Here’s the catch - it’s only available for 24 hours to the people who are in your room.
My only piece of advice with this strategy is to not say an offer is going to be live for 24 hours and then extend it (or offer to more people). This kind of marketing tactic gives digital marketing a bad name and you’ll lose tons of trust with your audience.
Always be integral with your offers!
4. Assess and Analyze (Listen and Learn Strategy)
Clubhouse is a goldmine to learn about your audience.
While a lot of people used to go stalk Facebook groups and forums, Clubhouse is a much better way to learn more about your ideal clients.
This strategy is all about learning more than anything else.
While I make a direct pitch in the first strategy, this one is great for people who are just starting out. If you’re not yet locked in on who your audience is and what they need, use this strategy first.
You can host rooms or join others on related topics and simply listen and take notes. Learn what is holding people back and identify their goals, problems, and anything else that is relevant.

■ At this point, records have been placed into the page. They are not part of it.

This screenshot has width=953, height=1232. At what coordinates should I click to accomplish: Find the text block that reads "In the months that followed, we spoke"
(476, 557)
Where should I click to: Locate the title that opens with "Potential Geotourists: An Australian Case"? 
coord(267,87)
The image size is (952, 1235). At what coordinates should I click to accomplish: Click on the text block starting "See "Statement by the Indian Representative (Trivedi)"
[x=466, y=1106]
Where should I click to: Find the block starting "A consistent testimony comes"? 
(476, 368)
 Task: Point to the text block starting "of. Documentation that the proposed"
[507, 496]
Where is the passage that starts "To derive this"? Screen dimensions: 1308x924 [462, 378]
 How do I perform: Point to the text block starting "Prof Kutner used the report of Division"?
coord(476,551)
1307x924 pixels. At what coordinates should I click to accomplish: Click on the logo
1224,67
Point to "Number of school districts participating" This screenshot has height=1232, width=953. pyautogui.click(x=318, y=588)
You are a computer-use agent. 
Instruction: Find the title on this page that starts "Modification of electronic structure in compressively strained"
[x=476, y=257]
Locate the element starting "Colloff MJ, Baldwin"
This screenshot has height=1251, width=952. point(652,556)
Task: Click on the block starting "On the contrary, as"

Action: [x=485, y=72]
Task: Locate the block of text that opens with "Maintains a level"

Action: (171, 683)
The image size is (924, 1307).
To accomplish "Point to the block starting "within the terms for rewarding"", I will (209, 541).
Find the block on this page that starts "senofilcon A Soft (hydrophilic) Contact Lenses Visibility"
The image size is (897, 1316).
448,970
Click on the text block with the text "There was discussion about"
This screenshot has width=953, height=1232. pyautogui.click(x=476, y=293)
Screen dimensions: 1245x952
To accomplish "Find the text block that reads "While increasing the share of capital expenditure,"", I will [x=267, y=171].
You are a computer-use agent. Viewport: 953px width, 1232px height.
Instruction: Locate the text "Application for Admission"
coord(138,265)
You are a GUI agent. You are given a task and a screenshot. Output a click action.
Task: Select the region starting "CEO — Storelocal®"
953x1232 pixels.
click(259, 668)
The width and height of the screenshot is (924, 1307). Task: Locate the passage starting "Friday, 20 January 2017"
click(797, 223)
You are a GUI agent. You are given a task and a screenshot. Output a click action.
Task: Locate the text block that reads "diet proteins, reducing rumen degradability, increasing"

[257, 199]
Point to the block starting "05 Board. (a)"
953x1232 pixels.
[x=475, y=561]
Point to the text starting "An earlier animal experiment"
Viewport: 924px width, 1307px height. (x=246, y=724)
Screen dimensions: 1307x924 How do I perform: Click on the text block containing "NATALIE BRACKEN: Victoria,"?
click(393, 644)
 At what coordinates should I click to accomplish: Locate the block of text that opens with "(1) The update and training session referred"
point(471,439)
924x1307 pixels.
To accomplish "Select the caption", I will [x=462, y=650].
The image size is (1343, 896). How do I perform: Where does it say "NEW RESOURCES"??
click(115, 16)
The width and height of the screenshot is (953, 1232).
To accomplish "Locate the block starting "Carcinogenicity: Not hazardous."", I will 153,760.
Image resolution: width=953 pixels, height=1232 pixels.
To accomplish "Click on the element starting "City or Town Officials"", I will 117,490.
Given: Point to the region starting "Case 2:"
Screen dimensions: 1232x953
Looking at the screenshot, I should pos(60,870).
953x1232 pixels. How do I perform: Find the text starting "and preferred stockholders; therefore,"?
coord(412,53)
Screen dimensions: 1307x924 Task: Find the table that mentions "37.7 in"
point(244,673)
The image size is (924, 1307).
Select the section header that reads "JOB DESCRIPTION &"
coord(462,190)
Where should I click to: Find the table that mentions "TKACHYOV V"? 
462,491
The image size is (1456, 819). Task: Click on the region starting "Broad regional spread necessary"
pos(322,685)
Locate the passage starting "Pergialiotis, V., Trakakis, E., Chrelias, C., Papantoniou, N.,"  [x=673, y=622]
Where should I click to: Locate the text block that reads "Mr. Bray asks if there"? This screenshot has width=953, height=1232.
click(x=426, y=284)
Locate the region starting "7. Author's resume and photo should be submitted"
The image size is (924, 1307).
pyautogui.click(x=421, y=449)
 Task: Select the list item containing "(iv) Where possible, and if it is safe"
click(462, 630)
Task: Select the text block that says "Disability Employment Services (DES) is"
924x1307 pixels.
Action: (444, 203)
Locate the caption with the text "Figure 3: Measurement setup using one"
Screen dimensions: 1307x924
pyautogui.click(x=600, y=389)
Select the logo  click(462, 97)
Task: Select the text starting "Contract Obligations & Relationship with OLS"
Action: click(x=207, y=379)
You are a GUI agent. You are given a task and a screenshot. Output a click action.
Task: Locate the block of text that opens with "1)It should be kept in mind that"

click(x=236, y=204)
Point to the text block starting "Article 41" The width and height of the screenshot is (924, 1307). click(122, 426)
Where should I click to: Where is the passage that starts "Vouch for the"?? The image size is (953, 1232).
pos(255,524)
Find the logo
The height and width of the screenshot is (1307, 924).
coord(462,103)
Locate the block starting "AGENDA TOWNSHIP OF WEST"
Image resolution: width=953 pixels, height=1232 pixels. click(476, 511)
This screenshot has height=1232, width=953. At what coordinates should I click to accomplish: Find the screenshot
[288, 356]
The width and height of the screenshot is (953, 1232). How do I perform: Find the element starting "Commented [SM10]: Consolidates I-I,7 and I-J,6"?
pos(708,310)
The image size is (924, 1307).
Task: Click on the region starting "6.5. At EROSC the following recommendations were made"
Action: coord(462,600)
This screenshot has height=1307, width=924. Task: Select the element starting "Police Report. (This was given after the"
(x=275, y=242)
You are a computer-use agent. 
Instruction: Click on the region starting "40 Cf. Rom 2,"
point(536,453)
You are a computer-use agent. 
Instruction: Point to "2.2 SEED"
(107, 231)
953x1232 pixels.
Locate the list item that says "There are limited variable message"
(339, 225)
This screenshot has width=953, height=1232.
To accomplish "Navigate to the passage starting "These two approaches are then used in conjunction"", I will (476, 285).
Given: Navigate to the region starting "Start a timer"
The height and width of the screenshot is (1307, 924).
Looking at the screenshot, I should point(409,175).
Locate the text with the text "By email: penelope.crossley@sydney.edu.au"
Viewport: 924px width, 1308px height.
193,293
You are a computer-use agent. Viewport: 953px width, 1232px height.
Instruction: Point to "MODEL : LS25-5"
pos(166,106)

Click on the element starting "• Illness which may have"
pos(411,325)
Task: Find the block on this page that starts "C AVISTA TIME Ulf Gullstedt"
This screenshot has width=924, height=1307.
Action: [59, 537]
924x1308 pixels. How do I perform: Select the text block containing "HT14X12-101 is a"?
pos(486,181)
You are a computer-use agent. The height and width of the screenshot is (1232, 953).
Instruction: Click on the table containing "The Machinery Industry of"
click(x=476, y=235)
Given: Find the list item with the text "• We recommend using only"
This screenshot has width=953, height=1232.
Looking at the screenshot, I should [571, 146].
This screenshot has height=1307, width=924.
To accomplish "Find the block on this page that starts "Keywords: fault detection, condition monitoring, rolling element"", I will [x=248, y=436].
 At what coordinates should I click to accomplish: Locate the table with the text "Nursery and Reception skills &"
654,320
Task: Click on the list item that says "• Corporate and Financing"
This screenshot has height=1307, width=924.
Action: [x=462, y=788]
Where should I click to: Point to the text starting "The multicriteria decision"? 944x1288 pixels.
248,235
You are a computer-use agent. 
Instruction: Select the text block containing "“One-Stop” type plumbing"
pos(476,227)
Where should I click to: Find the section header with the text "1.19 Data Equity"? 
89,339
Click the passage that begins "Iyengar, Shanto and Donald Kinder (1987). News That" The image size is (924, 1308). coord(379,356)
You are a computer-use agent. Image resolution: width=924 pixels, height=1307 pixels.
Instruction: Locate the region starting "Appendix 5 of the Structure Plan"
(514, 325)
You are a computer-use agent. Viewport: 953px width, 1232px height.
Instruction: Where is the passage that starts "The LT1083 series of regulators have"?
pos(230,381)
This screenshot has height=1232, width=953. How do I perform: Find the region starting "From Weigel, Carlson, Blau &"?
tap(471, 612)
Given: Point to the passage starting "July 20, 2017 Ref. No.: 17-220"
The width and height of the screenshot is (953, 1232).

This will then help you to create free and paid offers that speak directly to your audience.
Once you have enough information about your market, then you can create an offer that they want and need.
5. LinkedIn Strategy
The final strategy to turn your Clubhouse popularity into other forms of your business is using LinkedIn.
While often forgotten about in the myriad of social media platforms, it’s a hidden goldmine for so many entrepreneurs.
The users of LinkedIn often have a much higher income than most platforms (like Instagram) and offer something most platforms don’t. With LinkedIn, you can see who viewed your profile and then reach out to them directly (unlike Facebook, TikTok, etc.)
Once you see who views your profile, you can set up a messaging funnel to keep the conversation going.
In one of your first messages, make sure to thank them and also ask if Clubhouse was a referral source in finding your profile. Some people in my Clubhouse rooms have said 50% of people come straight from Clubhouse!
From there, you can invite them to a monthly community call where they need to enter the email. Or, you can do Linked Lives to share more value and then invite them to join your email list as well.
Clubhouse is surging in popularity and can’t recommend it enough. Test out several of these options as there is no one right way and it is 100% dependent on you and your audience.
But don’t just grow your presence on the platform without also growing your email list too.
Remember, the money is still in the list!
It all starts with taking your followers and turning them into subscribers. But don’t forget to also provide insane value in each room and use one or several of these strategies to keep growing your email list.
Then, set up a regular schedule and reward your subscribers from time to time to keep them excited to be a part of your community.